(REQUIRED ACTION) What is needed is an exact copy of the lines from the one containing "The object was" through the last line of the entries below, both included.

(DATA FOR ANALYSIS)

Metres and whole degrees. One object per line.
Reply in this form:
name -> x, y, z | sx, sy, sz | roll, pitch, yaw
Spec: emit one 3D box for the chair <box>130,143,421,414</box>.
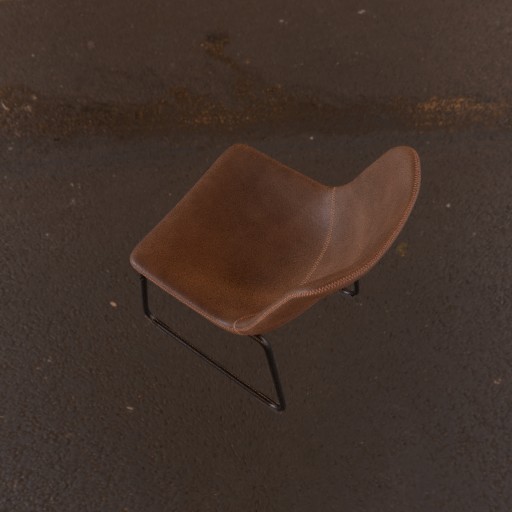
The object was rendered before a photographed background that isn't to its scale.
chair -> 0.000, 0.000, 1.109 | 0.551, 0.780, 0.460 | 32, 67, 15

(ANSWER SECTION)
The object was rendered before a photographed background that isn't to its scale.
chair -> 0.000, 0.000, 1.109 | 0.551, 0.780, 0.460 | 32, 67, 15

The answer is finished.